■ Problem description: Could you filter the data below down to the lines that hold the word "tempo"?

### Source material ###

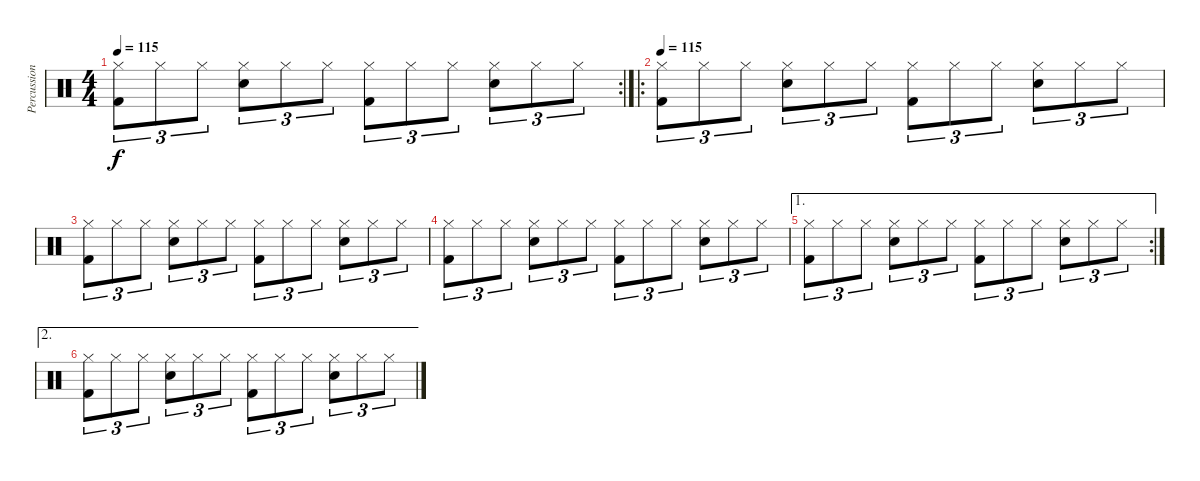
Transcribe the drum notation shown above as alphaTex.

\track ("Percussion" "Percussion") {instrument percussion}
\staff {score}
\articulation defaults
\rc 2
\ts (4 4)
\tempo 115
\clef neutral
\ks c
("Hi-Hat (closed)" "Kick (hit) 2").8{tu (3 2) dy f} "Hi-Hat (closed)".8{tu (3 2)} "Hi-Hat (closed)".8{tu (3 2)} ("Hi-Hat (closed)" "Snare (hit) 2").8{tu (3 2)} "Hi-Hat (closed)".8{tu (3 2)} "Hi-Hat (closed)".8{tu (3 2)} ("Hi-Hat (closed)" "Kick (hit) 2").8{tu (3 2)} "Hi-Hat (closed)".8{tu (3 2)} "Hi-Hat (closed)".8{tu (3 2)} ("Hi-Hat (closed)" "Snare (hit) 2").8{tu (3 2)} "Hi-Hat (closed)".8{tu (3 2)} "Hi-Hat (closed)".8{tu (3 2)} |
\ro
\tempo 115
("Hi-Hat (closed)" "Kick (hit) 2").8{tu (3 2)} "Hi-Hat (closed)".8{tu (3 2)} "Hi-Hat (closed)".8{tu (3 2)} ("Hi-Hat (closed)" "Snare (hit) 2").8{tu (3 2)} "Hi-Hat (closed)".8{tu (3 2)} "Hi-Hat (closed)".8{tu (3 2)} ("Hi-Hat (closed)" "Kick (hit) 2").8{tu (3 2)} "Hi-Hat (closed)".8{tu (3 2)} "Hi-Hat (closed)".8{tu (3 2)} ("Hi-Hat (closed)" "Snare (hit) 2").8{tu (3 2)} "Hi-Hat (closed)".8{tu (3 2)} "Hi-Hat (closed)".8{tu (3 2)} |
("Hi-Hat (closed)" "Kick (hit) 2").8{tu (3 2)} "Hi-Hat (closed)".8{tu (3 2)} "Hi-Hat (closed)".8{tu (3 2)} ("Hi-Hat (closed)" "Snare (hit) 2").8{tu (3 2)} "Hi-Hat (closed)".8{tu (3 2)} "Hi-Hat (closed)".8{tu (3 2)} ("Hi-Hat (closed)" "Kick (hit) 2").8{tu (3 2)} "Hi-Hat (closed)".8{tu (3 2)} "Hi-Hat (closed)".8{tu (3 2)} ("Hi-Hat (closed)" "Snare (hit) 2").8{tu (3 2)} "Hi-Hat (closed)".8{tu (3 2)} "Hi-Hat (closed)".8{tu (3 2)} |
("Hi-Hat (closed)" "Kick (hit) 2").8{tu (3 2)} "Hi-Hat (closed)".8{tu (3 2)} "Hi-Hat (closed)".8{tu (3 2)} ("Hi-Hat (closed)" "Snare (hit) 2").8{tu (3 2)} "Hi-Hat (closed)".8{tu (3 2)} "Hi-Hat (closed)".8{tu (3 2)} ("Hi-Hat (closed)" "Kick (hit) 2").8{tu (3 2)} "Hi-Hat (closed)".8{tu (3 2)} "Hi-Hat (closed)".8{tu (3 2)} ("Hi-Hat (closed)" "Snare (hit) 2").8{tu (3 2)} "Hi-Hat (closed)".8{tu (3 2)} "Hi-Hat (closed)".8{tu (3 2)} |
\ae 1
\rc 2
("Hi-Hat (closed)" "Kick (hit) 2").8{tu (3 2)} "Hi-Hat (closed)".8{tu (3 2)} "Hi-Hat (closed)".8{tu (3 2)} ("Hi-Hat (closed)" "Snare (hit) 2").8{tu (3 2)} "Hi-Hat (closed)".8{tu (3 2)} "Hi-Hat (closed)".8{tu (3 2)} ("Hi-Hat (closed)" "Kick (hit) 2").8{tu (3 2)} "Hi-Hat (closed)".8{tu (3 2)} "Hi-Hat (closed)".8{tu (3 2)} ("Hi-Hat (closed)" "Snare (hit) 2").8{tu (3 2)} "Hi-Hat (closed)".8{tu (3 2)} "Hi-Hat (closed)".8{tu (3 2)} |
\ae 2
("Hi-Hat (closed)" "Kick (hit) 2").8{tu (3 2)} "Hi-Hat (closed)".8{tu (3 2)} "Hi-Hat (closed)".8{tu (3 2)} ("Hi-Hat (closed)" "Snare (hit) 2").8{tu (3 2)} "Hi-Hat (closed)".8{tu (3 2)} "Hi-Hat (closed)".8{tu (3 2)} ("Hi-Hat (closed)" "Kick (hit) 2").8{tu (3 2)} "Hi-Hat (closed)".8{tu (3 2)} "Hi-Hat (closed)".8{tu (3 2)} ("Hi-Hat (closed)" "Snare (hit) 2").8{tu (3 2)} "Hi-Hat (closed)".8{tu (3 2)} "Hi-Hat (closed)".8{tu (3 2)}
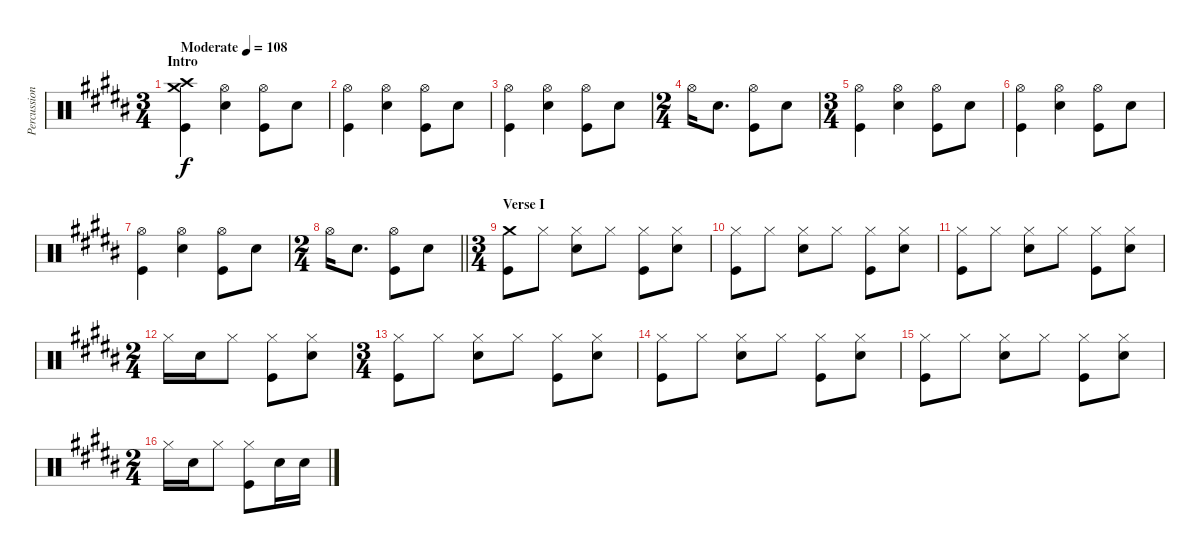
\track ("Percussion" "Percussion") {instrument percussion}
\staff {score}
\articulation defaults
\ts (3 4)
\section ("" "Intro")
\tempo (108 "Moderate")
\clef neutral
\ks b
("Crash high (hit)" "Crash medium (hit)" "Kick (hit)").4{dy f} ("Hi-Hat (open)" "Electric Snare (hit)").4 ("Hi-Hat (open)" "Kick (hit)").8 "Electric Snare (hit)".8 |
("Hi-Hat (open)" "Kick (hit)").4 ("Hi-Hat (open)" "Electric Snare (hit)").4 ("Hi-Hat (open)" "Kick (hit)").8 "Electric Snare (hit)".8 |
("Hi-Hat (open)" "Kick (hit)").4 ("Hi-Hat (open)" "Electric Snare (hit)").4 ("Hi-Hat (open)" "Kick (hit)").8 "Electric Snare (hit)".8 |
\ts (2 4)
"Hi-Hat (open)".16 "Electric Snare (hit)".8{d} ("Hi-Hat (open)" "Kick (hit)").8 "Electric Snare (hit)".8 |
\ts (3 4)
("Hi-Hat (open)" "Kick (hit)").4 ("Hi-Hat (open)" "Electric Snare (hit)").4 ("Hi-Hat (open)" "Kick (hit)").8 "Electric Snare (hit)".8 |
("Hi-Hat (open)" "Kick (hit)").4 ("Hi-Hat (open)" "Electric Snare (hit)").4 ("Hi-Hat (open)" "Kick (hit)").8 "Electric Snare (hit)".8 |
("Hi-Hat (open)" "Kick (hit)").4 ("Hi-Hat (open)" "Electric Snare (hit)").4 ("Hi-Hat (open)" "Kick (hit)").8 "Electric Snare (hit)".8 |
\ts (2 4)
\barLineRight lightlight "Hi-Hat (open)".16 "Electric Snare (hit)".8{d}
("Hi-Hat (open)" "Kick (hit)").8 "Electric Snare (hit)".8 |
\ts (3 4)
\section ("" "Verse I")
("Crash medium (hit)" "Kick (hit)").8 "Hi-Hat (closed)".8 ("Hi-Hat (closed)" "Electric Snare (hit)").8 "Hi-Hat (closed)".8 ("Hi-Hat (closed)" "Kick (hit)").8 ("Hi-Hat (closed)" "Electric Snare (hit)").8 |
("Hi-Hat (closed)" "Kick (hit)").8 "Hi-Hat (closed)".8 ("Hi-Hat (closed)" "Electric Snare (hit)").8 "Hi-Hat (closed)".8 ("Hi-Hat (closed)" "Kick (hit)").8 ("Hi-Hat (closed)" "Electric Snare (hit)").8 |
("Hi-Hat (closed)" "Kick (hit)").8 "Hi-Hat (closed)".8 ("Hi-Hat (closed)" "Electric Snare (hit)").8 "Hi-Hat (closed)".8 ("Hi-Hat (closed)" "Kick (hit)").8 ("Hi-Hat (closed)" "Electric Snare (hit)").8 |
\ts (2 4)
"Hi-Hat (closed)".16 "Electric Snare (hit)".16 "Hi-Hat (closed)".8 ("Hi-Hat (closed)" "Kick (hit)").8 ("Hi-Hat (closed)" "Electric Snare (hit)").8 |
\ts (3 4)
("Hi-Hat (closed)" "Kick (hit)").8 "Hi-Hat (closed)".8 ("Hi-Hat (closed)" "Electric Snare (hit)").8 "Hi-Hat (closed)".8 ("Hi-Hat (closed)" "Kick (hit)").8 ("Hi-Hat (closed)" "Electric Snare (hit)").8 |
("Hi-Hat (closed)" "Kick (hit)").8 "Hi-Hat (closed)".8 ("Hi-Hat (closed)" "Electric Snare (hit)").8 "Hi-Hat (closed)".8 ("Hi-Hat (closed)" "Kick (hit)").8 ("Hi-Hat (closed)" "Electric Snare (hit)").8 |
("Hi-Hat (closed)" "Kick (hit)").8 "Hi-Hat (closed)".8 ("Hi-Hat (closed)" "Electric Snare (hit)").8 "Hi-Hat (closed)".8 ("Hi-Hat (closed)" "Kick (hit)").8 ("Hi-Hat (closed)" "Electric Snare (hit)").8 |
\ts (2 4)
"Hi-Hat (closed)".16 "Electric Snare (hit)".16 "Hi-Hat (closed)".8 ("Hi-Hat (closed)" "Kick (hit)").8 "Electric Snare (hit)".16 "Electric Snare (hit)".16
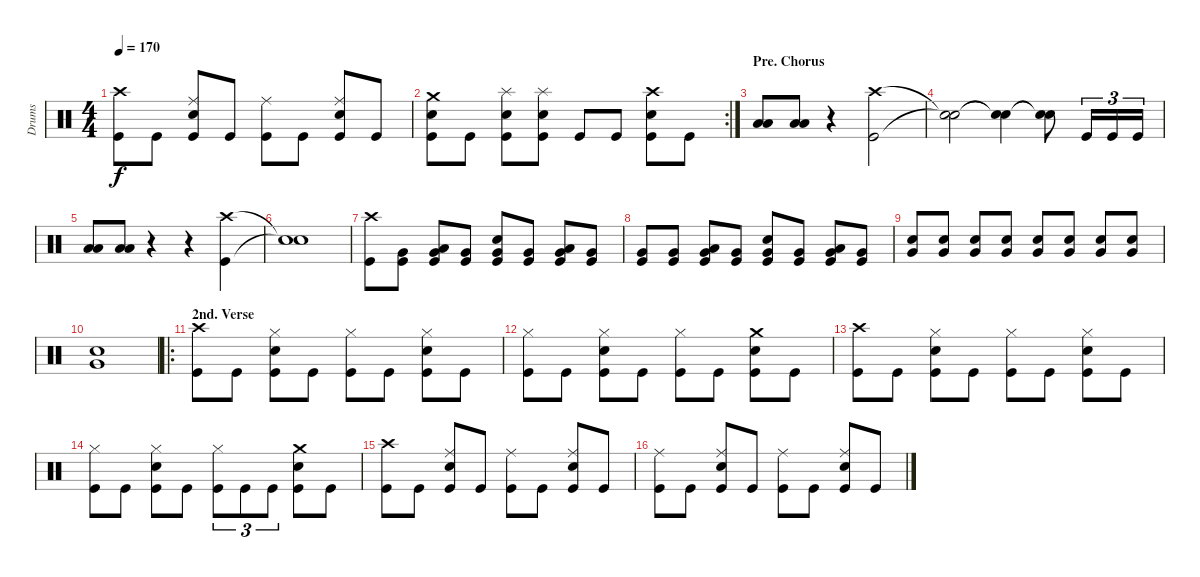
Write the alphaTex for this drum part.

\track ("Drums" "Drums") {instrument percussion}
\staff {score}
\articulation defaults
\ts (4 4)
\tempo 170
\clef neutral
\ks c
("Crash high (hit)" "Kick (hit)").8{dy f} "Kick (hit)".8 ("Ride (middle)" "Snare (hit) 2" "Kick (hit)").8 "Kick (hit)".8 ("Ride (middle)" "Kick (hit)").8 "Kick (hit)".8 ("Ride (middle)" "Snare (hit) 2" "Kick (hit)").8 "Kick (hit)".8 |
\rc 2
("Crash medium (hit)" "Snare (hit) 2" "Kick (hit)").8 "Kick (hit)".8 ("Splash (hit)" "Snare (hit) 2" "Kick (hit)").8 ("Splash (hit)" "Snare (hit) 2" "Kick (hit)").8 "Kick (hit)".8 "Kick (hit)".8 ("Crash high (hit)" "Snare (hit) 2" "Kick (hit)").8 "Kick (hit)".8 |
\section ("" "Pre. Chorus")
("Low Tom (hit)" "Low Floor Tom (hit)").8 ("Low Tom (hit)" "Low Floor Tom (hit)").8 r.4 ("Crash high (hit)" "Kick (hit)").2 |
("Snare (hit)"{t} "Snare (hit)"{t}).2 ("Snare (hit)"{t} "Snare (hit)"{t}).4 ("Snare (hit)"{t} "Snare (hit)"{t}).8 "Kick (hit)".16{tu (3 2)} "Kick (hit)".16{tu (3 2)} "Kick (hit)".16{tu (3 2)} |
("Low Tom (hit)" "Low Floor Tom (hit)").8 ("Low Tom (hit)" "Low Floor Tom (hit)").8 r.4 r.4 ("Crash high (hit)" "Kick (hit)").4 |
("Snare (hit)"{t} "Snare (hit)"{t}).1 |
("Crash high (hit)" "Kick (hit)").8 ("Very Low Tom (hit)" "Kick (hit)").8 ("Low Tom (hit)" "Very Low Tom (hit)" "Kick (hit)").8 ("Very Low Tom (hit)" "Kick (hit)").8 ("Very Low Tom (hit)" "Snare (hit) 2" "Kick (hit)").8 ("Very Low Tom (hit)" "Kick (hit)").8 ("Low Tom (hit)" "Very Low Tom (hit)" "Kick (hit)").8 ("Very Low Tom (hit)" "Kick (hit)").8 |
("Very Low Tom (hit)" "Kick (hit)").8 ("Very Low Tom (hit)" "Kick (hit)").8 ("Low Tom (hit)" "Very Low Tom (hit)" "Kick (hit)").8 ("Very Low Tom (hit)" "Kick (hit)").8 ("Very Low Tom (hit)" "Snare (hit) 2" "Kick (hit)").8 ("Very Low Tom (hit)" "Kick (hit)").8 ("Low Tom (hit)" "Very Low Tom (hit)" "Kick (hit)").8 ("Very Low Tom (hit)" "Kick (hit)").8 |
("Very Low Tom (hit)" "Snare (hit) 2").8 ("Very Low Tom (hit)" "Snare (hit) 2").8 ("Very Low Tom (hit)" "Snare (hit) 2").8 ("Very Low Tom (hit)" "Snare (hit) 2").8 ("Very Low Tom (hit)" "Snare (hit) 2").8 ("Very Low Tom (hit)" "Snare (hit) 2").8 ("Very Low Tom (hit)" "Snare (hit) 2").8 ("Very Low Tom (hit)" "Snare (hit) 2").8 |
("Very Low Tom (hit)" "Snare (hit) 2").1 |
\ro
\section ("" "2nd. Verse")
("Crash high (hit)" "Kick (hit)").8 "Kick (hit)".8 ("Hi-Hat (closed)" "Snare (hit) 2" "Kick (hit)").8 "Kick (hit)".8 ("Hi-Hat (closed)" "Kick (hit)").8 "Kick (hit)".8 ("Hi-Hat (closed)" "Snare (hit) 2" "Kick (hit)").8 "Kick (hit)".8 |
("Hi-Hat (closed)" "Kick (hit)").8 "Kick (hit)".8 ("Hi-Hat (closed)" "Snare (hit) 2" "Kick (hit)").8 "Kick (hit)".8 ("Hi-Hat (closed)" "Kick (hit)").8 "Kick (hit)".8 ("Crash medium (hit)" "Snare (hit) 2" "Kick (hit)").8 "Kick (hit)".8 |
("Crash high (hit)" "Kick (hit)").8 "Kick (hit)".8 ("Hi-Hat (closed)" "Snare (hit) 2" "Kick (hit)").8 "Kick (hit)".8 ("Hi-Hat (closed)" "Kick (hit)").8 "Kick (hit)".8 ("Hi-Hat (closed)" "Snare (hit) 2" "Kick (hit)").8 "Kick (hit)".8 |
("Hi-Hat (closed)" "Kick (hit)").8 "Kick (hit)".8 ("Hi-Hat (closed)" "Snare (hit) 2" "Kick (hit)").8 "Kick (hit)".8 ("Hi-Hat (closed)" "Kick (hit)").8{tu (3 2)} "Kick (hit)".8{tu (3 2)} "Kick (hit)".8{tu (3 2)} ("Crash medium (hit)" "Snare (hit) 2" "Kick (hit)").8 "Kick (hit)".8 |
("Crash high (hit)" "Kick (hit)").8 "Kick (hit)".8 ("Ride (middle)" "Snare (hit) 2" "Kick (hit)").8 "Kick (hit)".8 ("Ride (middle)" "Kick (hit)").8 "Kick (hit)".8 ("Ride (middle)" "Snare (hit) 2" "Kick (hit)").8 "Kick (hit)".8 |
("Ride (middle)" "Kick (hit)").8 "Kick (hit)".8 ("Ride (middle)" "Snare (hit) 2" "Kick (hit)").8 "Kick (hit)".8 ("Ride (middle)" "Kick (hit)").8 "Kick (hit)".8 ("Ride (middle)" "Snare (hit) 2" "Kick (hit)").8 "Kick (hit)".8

###

■ Written reply:
\tempo 115
\tempo 115
\tempo (108 "Moderate")
\tempo 170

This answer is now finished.